GREGG K. KAKESAKO / GKAKESAKO@STARBULLETIN.COM
First Sgt. Lamont Christian of the 25th Infantry Division's 2nd Brigade Combat Team plays a member of the Kurdish Pesh Merga militia at the mock Iraqi village of Al Sharq at the National Training Center in Fort Irwin, Calif. The Army hopes to build a small city to train soldiers for firefights in dense urban areas.
Mock Iraqi city being built at military training center
FORT IRWIN, Calif. » A year from now, the Army hopes to unveil a small city to train soldiers for firefights like the one in densely urban Fallujah.
The National Training Center at Fort Irwin now has 12 mock Iraqi villages on more than 100,000 acres at the edge of Death Valley, said Special Forces Maj. John Clearwater. It uses shipping containers, railroad cars and storage sheds to replicate a town.
The villages, where more than 250 Iraqi expatriates live to add authenticity during a Schofield Barracks brigade's two-week training rotation, were constructed three months after the U.S. invaded Iraq in 2003.
"What has been lacking," Clearwater said, "is something resembling Fallujah, with highways and large buildings such as universities, apartments, shopping centers, government buildings and homes.

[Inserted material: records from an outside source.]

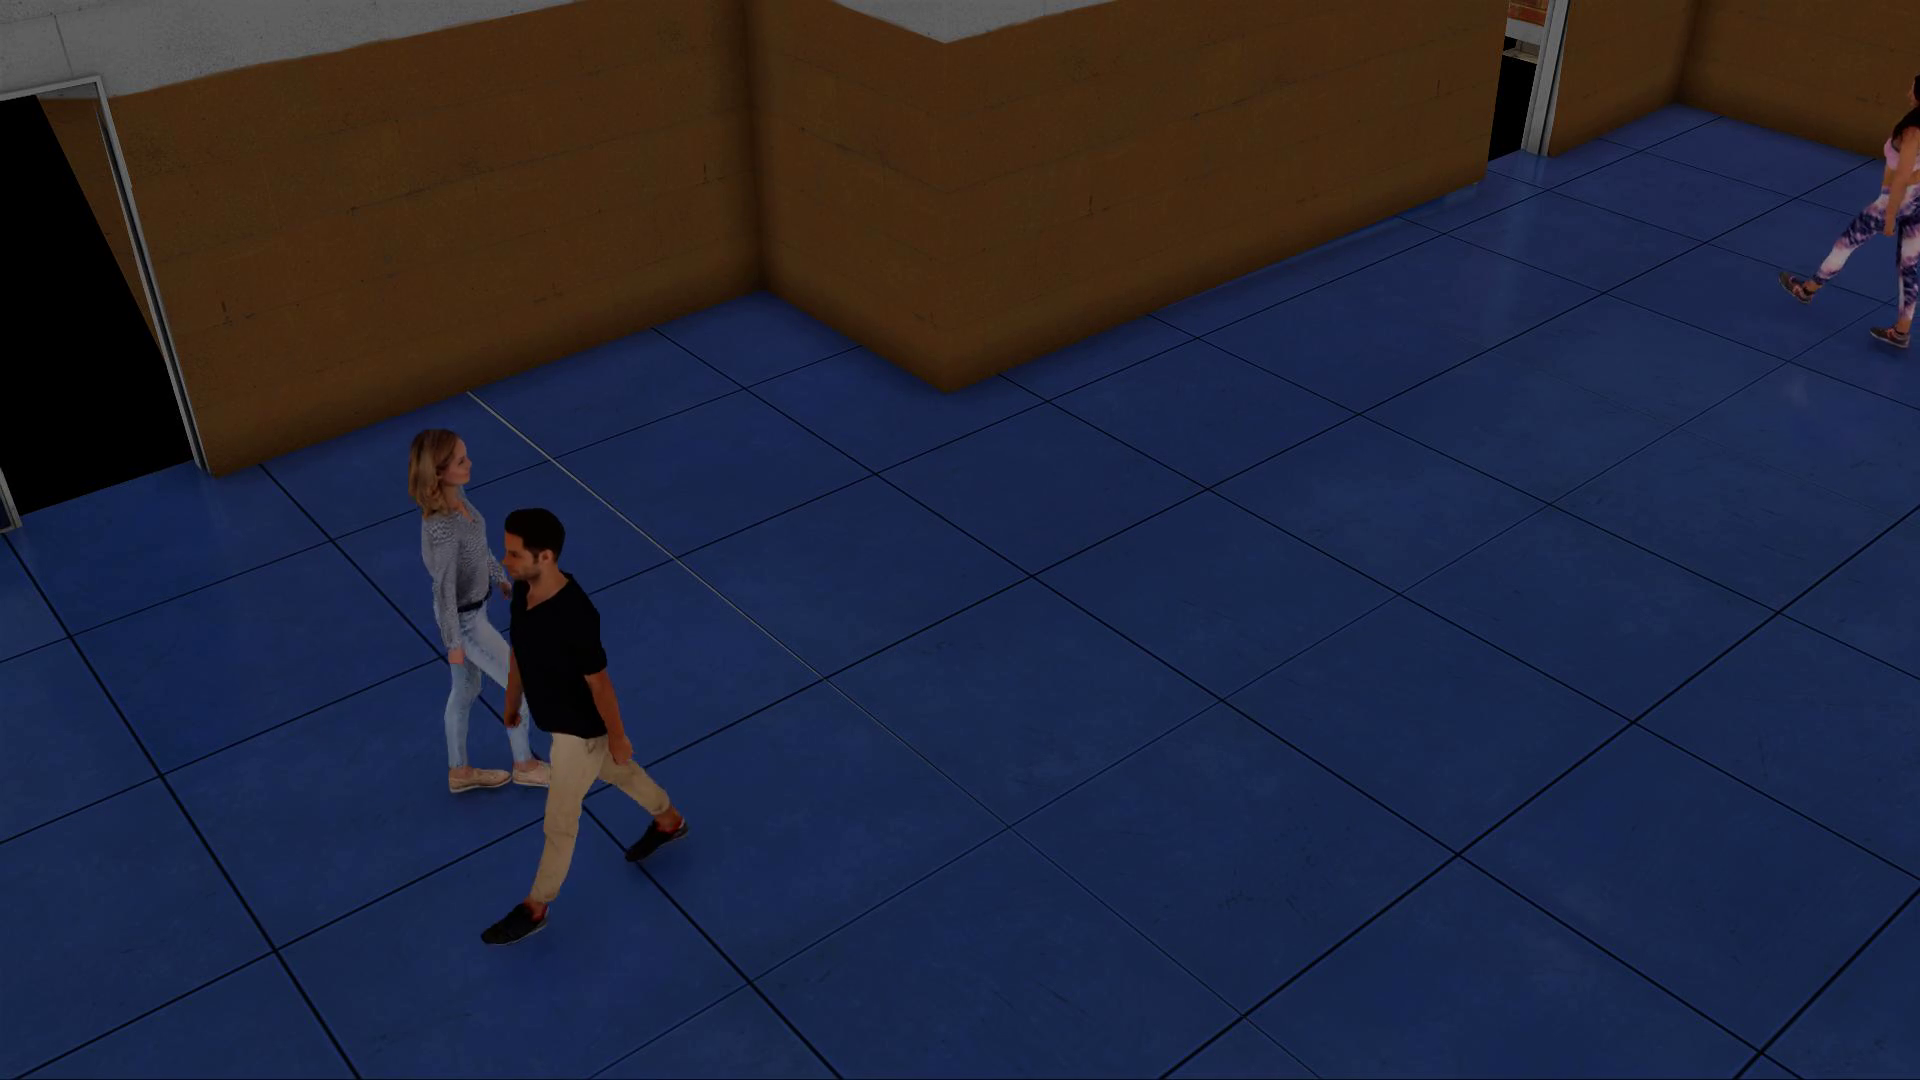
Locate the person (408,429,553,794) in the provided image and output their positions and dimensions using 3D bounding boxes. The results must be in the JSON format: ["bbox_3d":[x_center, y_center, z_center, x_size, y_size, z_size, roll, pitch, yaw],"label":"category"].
[{"bbox_3d":[-2.110,0.342,6.818,0.834,1.773,0.818,-8,35,-12],"label":"person"}]

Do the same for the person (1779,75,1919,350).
[{"bbox_3d":[5.959,-2.010,10.405,0.775,1.717,1.214,-17,37,-24],"label":"person"}]

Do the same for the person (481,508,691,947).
[{"bbox_3d":[-1.379,0.647,6.307,0.739,1.807,1.113,-23,40,-30],"label":"person"}]
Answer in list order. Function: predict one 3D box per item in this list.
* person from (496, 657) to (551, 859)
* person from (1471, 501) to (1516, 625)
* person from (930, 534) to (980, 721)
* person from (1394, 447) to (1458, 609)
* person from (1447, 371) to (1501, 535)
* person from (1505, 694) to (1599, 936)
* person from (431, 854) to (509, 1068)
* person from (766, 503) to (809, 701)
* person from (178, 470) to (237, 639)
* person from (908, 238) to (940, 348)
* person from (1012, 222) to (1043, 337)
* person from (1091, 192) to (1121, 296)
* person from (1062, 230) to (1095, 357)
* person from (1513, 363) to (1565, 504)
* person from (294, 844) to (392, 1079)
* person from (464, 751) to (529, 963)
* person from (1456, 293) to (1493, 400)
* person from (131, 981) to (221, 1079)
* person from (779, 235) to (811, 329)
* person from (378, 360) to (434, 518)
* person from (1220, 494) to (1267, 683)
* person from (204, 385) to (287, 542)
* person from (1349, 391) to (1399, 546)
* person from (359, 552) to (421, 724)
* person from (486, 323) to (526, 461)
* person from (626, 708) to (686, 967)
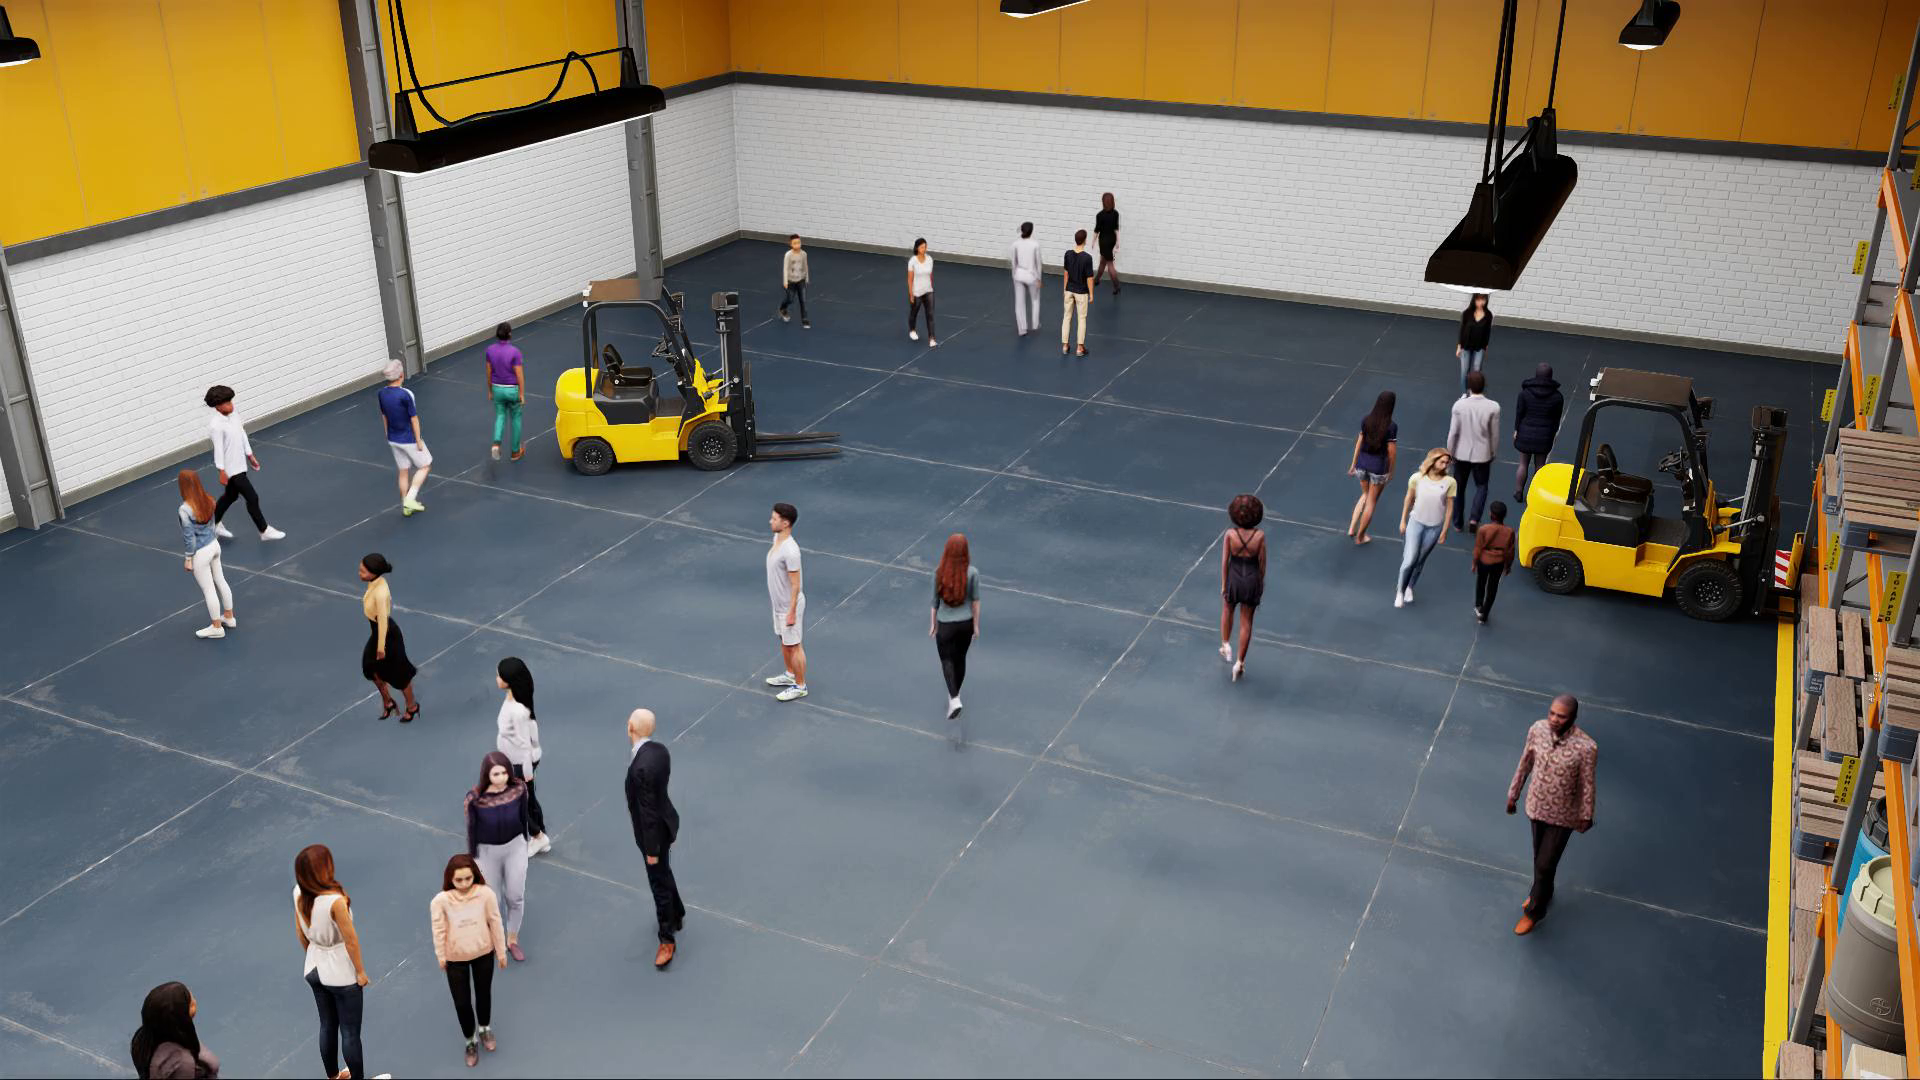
[{"bbox_3d":[-3.223,1.649,12.552,0.800,1.689,0.739,-8,25,-18],"label":"person"},{"bbox_3d":[5.219,0.246,16.325,0.607,1.238,0.668,6,24,13],"label":"person"},{"bbox_3d":[-0.045,0.796,14.456,0.866,1.727,1.029,-2,24,-4],"label":"person"},{"bbox_3d":[4.673,-0.159,16.676,0.748,1.698,0.816,6,24,14],"label":"person"},{"bbox_3d":[5.615,-0.911,18.229,0.738,1.832,0.865,9,25,19],"label":"person"},{"bbox_3d":[4.288,1.885,11.893,1.065,1.783,0.960,-17,29,-34],"label":"person"},{"bbox_3d":[-3.140,2.608,10.627,0.714,1.473,0.777,-10,25,-21],"label":"person"},{"bbox_3d":[-1.545,0.536,14.891,0.810,1.854,0.757,-9,25,-20],"label":"person"},{"bbox_3d":[-7.275,0.119,16.034,0.721,1.702,0.547,4,24,9],"label":"person"},{"bbox_3d":[-0.628,-3.703,24.915,1.078,1.593,1.090,-10,26,-22],"label":"person"},{"bbox_3d":[0.993,-3.963,25.352,0.715,1.719,0.855,7,25,16],"label":"person"},{"bbox_3d":[2.472,-4.843,27.443,1.077,1.657,1.011,-14,27,-29],"label":"person"},{"bbox_3d":[1.711,-3.634,24.435,0.638,1.851,0.538,12,26,25],"label":"person"},{"bbox_3d":[6.634,-1.238,19.174,0.718,1.674,0.701,5,24,12],"label":"person"},{"bbox_3d":[-3.842,2.640,10.166,0.600,1.784,0.521,11,26,24],"label":"person"},{"bbox_3d":[-3.195,2.156,11.516,0.844,1.590,0.892,-11,26,-23],"label":"person"},{"bbox_3d":[6.895,-2.615,22.377,0.599,1.631,0.640,7,24,15],"label":"person"},{"bbox_3d":[-4.231,3.191,8.874,0.805,1.809,1.130,14,27,29],"label":"person"},{"bbox_3d":[-2.589,-4.042,25.887,1.001,1.435,0.991,-14,27,-29],"label":"person"},{"bbox_3d":[-6.287,-1.105,18.683,0.672,1.824,0.694,8,25,18],"label":"person"},{"bbox_3d":[2.575,0.468,15.151,0.662,1.770,0.842,5,24,12],"label":"person"},{"bbox_3d":[-7.982,-0.812,18.077,1.012,1.772,1.161,0,24,1],"label":"person"},{"bbox_3d":[4.417,-0.725,17.911,0.687,1.746,0.710,20,31,39],"label":"person"},{"bbox_3d":[-4.897,0.853,14.429,0.818,1.643,0.759,-11,26,-24],"label":"person"},{"bbox_3d":[-5.555,-1.761,20.278,0.805,1.749,0.956,3,24,6],"label":"person"},{"bbox_3d":[-2.098,2.059,11.522,0.977,1.762,0.756,-6,24,-14],"label":"person"}]

"By next year we hope to have erected a 300-building city in an area about 15 by 30 miles."
Clearwater said the 12 villages can replicate the problems facing a company commander with about 120 soldiers. The urban complex is geared to the problems facing a brigade commander, who commands 4,500 to 5,000 soldiers.
That is one of the many changes before the National Training Center, established in 1981. During the Cold War, it played a crucial role in preparing the Army's tank force to meet the challenges of the Soviet army.
Brig. Gen. Robert Cone, who commands the National Training Center, located in the Mojave Desert 150 miles northeast of Los Angeles, said it is doing more than just assisting units to prepare for combat in Iraq. The center is also working on ways to neutralize increasingly sophisticated use of homemade bombs by insurgents, which cause the bulk of combat deaths and injuries in Iraq.
The Brookings Institution, a Washington think tank, has reported that IEDs (improvised explosive devices) caused more than 38 percent of U.S. deaths in Iraq for every month since May 2005. In April they were responsible for the deaths of 43 U.S. troops, or 59.7 percent of those who died in Iraq that month.
In all, IEDs have been responsible for the deaths of 779 U.S. soldiers, or 32 percent of all fatalities in Iraq, from the start of military operations in March 2003 through April 30, the Brookings Institution reported.
"The area of IED is an area of technological innovation where the NTC is now playing a leading role," Cone wrote in a paper outlining changes at the National Training Center.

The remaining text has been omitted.